How does operator polymorphism work for non-numeric types? Mainly I'm thinking of types from linear algebra (matrices, vectors) A vector has additive (interface Summable) operations (over vectors) and multiplicative (interface Numeric, I guess?) operations (over numbers) but can this be expressed in Ceylon so that things like scaling a vector works (s*V = V*s where s number, V vector)?
How would you iterate over a completement of a Set? :D
Adam
I assume that the type decimal will be implemented using something similar to java.math.BigDecimal. It would be better to delay the implementation of decimal and wait for the JVM to support 128bit values. It would not allow arbitrary precision but a least it would be efficient on modern CPU. If anyone needs arbitrary precision, then he or she can rely on BigDecimal,
I propose make numerical types hierarchy more math specific and use maths terms as algebraic structures, such as groups, rings, fields, modules, vector spaces, and algebras
It allow to make math packages more ceylon friendly and logical/
That's certainly something to look into for the future.
Is there precedent for the name Whole?

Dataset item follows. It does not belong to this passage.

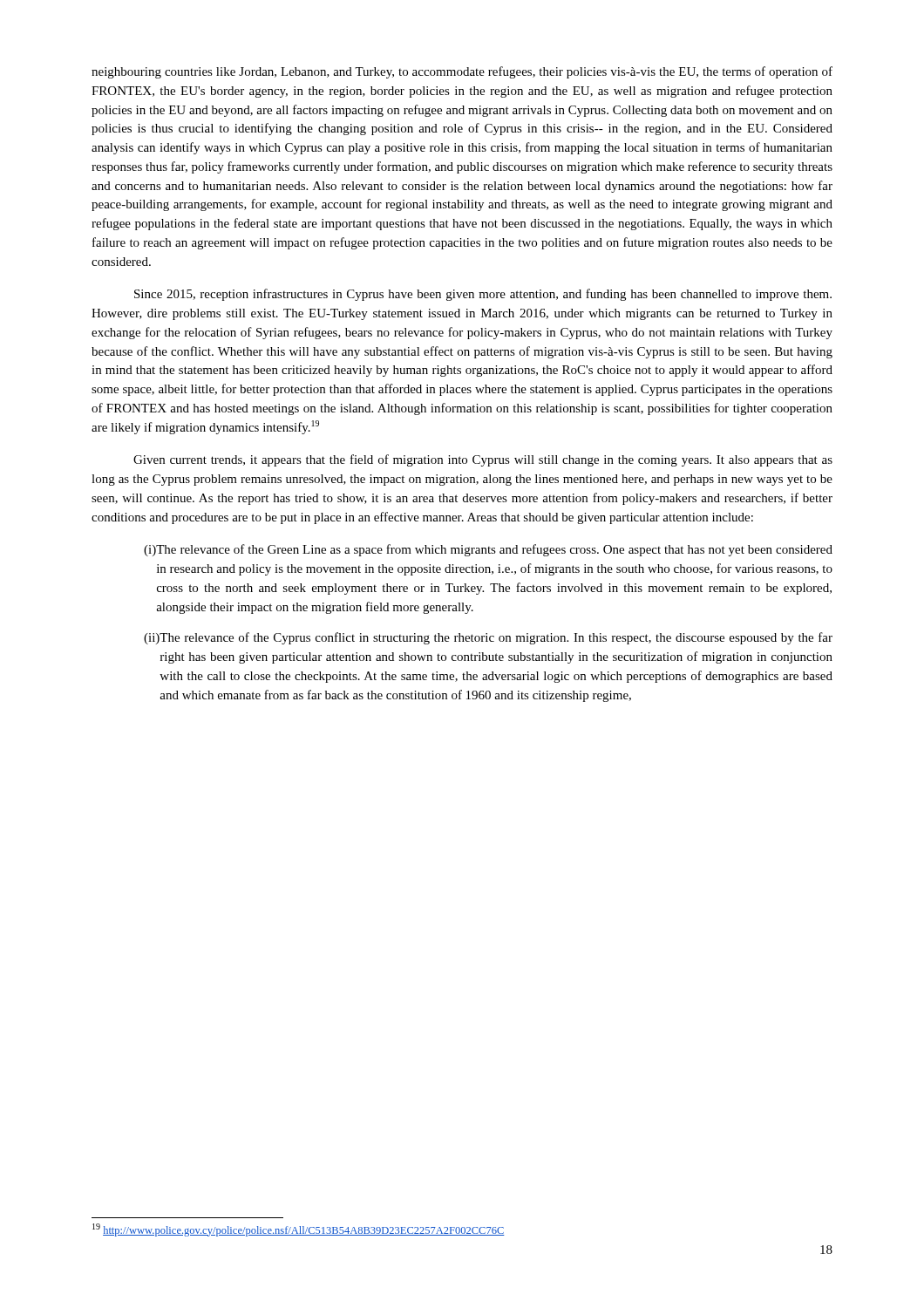
Task: Find the block on this page that starts "(ii) The relevance of"
Action: click(x=462, y=667)

It sounds a bit unclear to me. How about BigInteger?
As in whole number. The problem with BigInteger, apart from verbosity, is it's actually incorrect. A BigInteger may be or , depending.
Ah, but according to the Wikipedia article, can ambiguously refer to naturals, naturals without 0, or integers. I would venture to say that BigInteger, if not always accurate, will confuse people less.

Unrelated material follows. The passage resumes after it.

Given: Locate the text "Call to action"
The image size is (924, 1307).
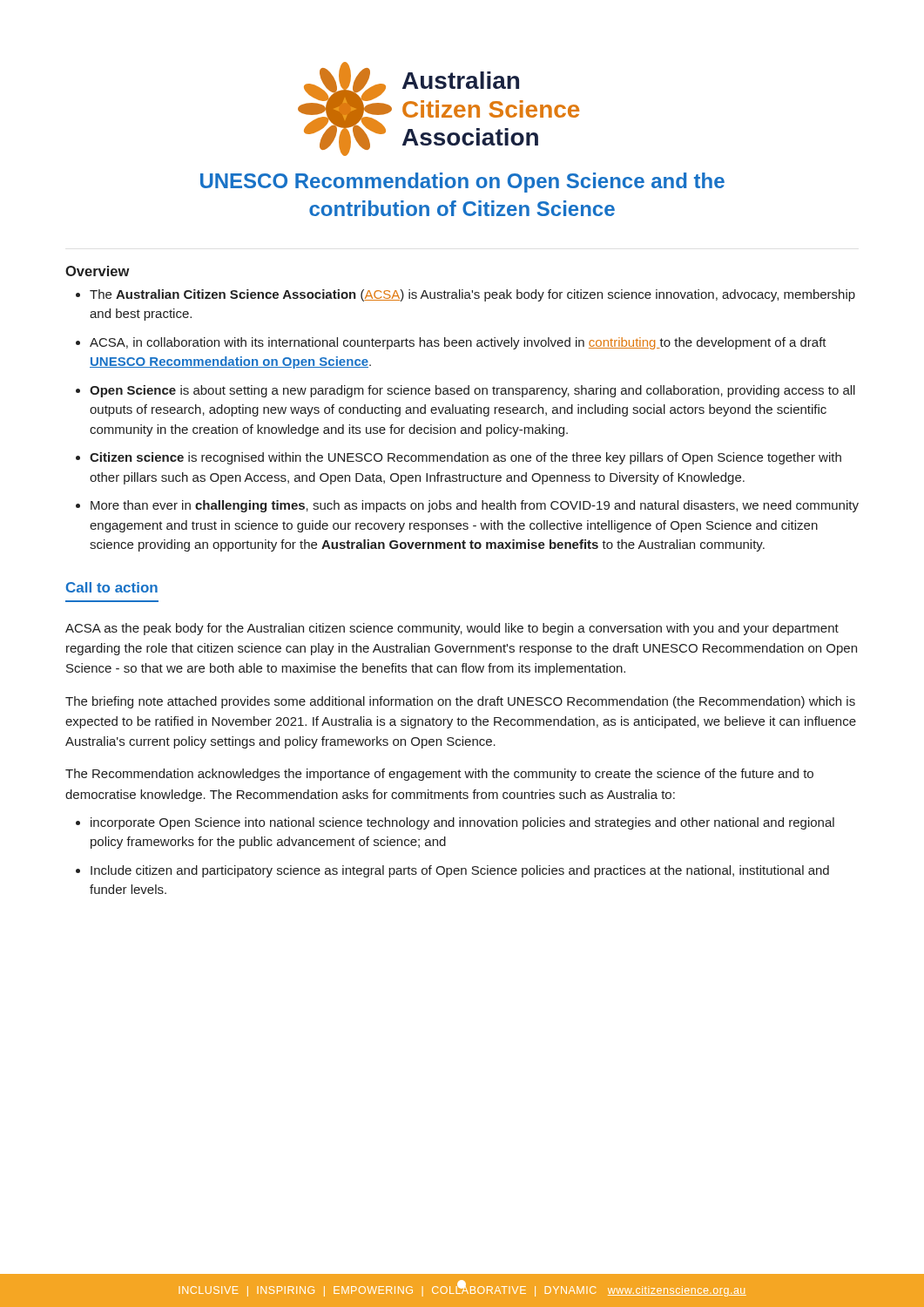Looking at the screenshot, I should click(x=112, y=588).

Another possibility would be to make both Natural and Integer unbounded, and let the compiler and VM optimize them down to 32 or 64 bits. But the speed cost might be too high.
This lib can help
This is much better
Hello,
One important property of datatypes is their immutability which makes them suitable for reuse (low memory usage), sharing across threads (multithreading), use as keys in HashMaps (datatype consistency), etc. I have not seen anything about immutable types o your blog just yet. Do you have datatype immutability on the cards?
Also, another immutable type is important with interned Strings which can shrink memory usage quite a lot. Ruby and other languages have a nice syntax for interning. Do you plan to also have literal support for interned Strings? Or will you handle this with the pluggable literals API?
Thanks,
Djano
@Djano: I can tell you that immutable types are supported, whenever a type inherits directly from Object instead of IdentifiableObject it won't be allowed to have variable attributes. This is for example used in the numeric types and enumerations.